We Victorians will all dutifully trudge to the polls tomorrow at our local primary school, the church hall, the this or that building to have our names marked off the role and put our numbers in the little boxes.  Those of us who forget will be fined if we don’t have good reason for foresaking our democratic right to vote.  To Americans the concept of compulsory voting is indeed strange.  They think it is undemocratic.  But then I have had Americans swear they live in a republic, definitely not a democracy.  I’m not sure what they teach in American schools about “government of the people, by the people, for the people”.  At least we have the sense to hold elections on a Saturday.  Can you imagine voting on a Tuesday, a work day?
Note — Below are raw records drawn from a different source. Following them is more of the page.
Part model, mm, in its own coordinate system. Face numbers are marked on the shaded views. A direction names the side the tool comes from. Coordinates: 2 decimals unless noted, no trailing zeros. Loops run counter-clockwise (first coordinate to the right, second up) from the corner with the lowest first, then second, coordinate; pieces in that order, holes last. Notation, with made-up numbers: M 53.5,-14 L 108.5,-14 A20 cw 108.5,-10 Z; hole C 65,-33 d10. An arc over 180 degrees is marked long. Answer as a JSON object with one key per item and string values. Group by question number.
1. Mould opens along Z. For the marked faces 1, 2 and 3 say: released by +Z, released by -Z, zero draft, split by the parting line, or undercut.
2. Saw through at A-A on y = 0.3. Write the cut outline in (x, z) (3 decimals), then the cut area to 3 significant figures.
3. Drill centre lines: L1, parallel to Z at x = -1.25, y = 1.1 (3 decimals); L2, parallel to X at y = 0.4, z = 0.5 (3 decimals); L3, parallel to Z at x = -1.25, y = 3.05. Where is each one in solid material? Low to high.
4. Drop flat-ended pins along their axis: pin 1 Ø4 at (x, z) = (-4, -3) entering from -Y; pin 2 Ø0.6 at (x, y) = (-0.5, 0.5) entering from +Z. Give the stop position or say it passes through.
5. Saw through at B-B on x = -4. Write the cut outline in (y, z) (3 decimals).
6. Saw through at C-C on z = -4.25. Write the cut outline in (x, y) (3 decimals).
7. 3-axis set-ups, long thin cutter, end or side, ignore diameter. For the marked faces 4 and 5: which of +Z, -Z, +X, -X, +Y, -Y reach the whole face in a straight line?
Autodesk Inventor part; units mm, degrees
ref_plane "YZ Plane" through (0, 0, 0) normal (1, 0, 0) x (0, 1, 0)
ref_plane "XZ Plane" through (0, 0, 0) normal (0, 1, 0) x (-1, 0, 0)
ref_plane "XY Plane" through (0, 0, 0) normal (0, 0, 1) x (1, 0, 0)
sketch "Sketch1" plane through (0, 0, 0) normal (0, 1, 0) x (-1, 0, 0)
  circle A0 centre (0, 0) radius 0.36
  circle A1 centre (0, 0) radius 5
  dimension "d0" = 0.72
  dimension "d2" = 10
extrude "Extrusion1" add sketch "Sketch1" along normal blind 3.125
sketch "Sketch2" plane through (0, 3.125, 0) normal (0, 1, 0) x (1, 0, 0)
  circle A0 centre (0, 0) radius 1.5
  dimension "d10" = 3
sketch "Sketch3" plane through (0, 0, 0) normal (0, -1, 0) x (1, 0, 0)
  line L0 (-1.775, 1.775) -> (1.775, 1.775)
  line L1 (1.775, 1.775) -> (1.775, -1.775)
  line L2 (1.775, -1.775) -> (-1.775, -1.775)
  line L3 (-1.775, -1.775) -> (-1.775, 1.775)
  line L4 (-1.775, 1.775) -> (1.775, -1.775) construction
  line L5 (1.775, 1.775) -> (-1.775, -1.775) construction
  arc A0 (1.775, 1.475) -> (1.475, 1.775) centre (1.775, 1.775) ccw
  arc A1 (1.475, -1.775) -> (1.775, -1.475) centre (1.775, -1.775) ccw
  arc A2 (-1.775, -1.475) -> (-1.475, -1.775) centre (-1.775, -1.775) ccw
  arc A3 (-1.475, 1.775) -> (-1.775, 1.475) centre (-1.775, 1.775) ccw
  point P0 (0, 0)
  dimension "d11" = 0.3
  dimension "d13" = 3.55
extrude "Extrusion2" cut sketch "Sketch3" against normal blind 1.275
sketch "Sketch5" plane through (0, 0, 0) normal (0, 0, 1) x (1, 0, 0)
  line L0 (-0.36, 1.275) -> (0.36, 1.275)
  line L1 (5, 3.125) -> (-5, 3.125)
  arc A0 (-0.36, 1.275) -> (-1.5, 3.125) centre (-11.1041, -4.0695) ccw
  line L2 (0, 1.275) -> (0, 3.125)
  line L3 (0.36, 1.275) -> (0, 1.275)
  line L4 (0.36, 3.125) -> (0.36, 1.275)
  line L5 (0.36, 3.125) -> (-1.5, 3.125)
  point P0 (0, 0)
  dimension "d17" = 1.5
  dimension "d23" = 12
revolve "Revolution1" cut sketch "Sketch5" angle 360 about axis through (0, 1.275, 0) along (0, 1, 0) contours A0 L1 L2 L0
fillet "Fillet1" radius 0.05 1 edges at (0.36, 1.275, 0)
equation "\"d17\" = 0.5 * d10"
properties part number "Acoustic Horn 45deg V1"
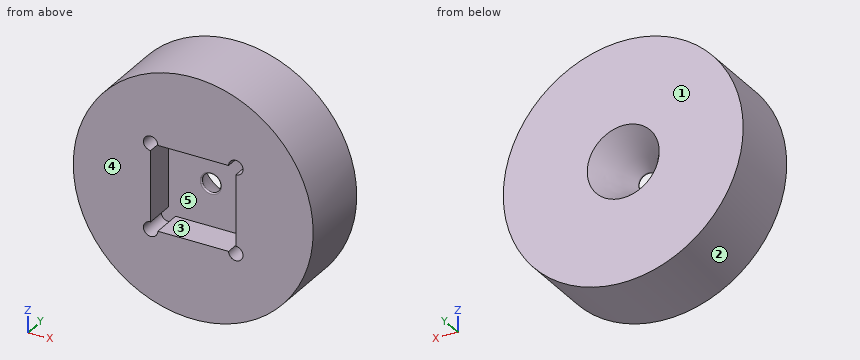
Outcome:
{
 "1": {"face 1": "zero draft", "face 2": "split by the parting line", "face 3": "undercut"},
 "2": {"outline": "C 0,0 d10; hole M -1.775,-1.475 A0.3 ccw long -1.475,-1.775 L 1.475,-1.775 A0.3 ccw long 1.775,-1.475 L 1.775,1.475 A0.3 ccw long 1.475,1.775 L -1.475,1.775 A0.3 ccw long -1.775,1.475 Z", "area": "65.1 mm²"},
 "3": {"L1": "z = -4.841 to -1.775, 1.775 to 4.841", "L2": "x = -4.975 to -1.775, 1.775 to 4.975", "L3": "z = -4.84 to -0.72, 0.72 to 4.84"},
 "4": {"pin 1": "stops at y = 0", "pin 2": "stops at z = 5"},
 "5": {"outline": "M 0,-3 L 3.125,-3 L 3.125,3 L 0,3 Z"},
 "6": {"outline": "M -2.634,0 L 2.634,0 L 2.634,3.125 L -2.634,3.125 Z"},
 "7": {"face 4": "+Z, -Z, +X, -X, -Y", "face 5": "-Y"}
}

I like the fact Australia makes it a family thing.  Children pop along with their parents and grow up with the idea voting is the normal thing to do.  The odd sausage sizzle adds to the flavour of the day.  We could do without all the “how-to-vote” cards but I guess it just goes with the territory.  How many really follow those things anyway?

In the Federal election we had a record number of “informal” votes – in fact, if I recall correctly, we had a record number of actual blank votes.  Perhaps I should explain a little.  You see, having been a scrutineer myself in another life, I can personally attest to the interesting things one finds on ballot papers.  Interesting anatomical drawings are not uncommon.  Swearing is also popular.  Blank is actually quite unusual.

People in Australia have been making quite a political football out of asylum seekers of late, especially any that happen to cross the seas in a boat.  To those people who want to see us treat these people to the conditions of places such as Christmas Island and then send them home, I suggest as you exercise your vote on Saturday, you take a moment to reflect on how lucky you are to be able to stroll down to the polling station, kids in tow, grab a snag from the fund raising sausage sizzle and wander home in peace.  With your hands still attached to your wrists.  No bullet through your head.  No risk of your wife or daughter being raped because you had the audacity to vote.

Treat your right to vote with the respect it deserves and while you are doing it, have a thought for those who flee from regimes where it is perilous to attempt to achieve the freedoms we take for granted.